仕事のストレスを減らす「時間見積り」の考え方
「今日こそは定時で帰ろう」
そう思って仕事を始めたのに、気づけば予定よりも時間が押している。
午前中に終わるはずだった資料作成が、午後までかかってしまう。
30分で済むと思っていたメール対応に、思った以上に時間を取られる。
少し遅れただけのつもりが、夕方にはすべての予定がずれている。
このような経験は、多くの方にあるのではないでしょうか。
仕事は、予定通りに進まないことがあります。
急な依頼が入ることもあります。
電話やメールで中断されることもあります。
会議が長引くこともあります。
しかし、本当に困るのは、予定通りに進まなかったこと自体ではありません。
困るのは、予定が崩れた瞬間から、
「今日の仕事がいつ終わるのか分からなくなること」です。
終わりが見えなくなると、不安になります。
不安になると焦ります。
焦ると判断が雑になり、ミスも増えます。
そして最後は、残業で取り返すしかなくなります。
つまり、予定通りに行かないことの本当の問題は、
単なる時間の遅れではなく、
仕事のストレスが一気に増えることなのです。
著書『15分スケジュール すぐに成果を出す人の時間術』では、
TODOリストに時間見積りをつけ、15分単位でスケジュールに落とし込むことで、仕事量を「見える化」する考え方を紹介しています。

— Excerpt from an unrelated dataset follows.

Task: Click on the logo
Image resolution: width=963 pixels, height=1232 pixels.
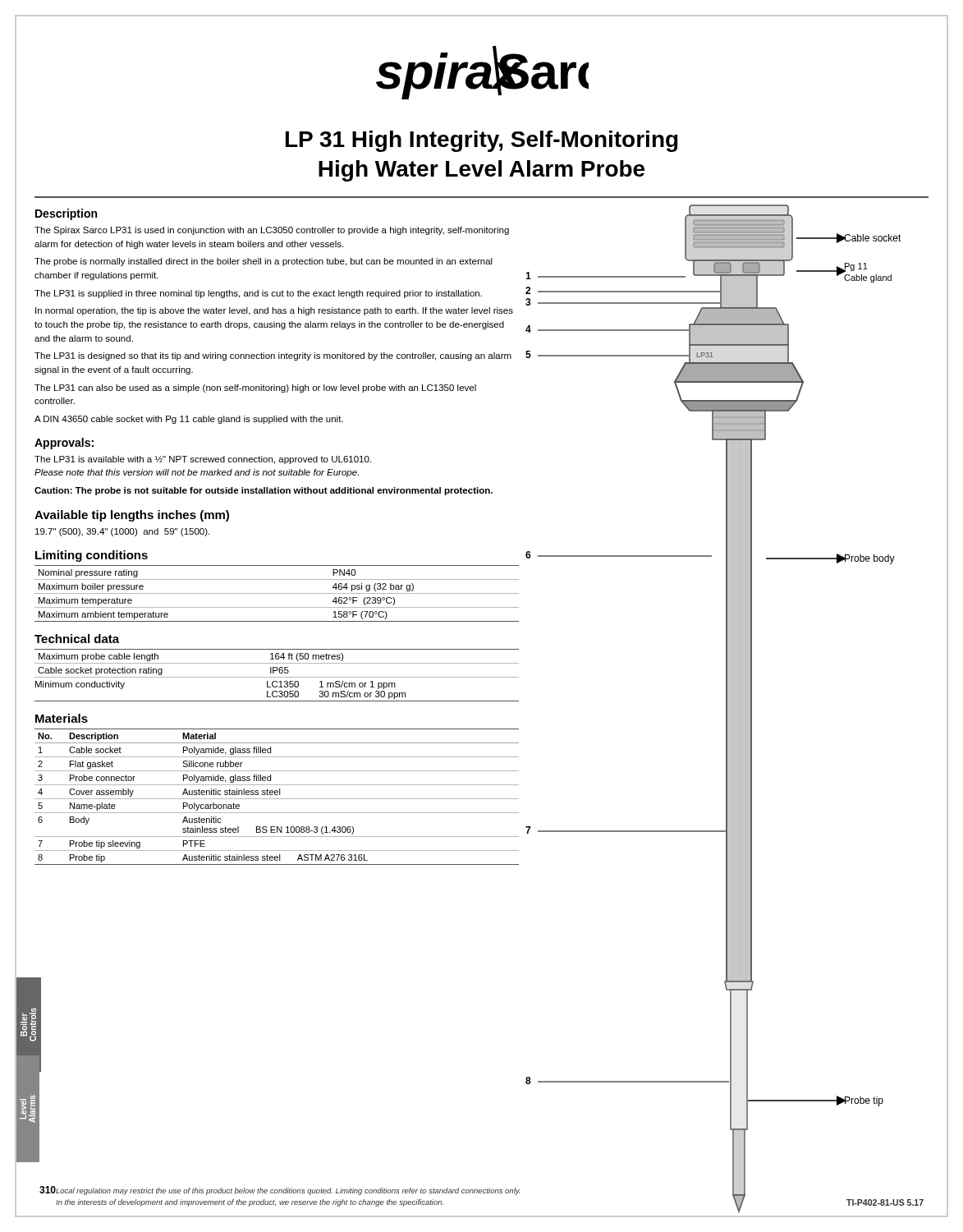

時短の第一歩は、単に作業スピードを上げることではありません。
まずは、
自分の仕事にどれくらい時間がかかるのかを正しく知ることです。
TODOリストだけでは、仕事の重さは分からない
多くの人は、仕事を整理するためにTODOリストを使います。
たとえば、次のようなリストです。
・資料作成
・見積り作成
・メール返信
・会議準備
・日報作成
一見すると、やるべきことが整理されているように見えます。
しかし、TODOリストには大きな弱点があります。
それは、
仕事の数は見えても、仕事の重さが見えにくい
ということです。
「資料作成」と一言で書いても、30分で終わる資料もあれば、2時間かかる資料もあります。
「メール返信」も、すぐに返せるものもあれば、確認が必要で時間がかかるものもあります。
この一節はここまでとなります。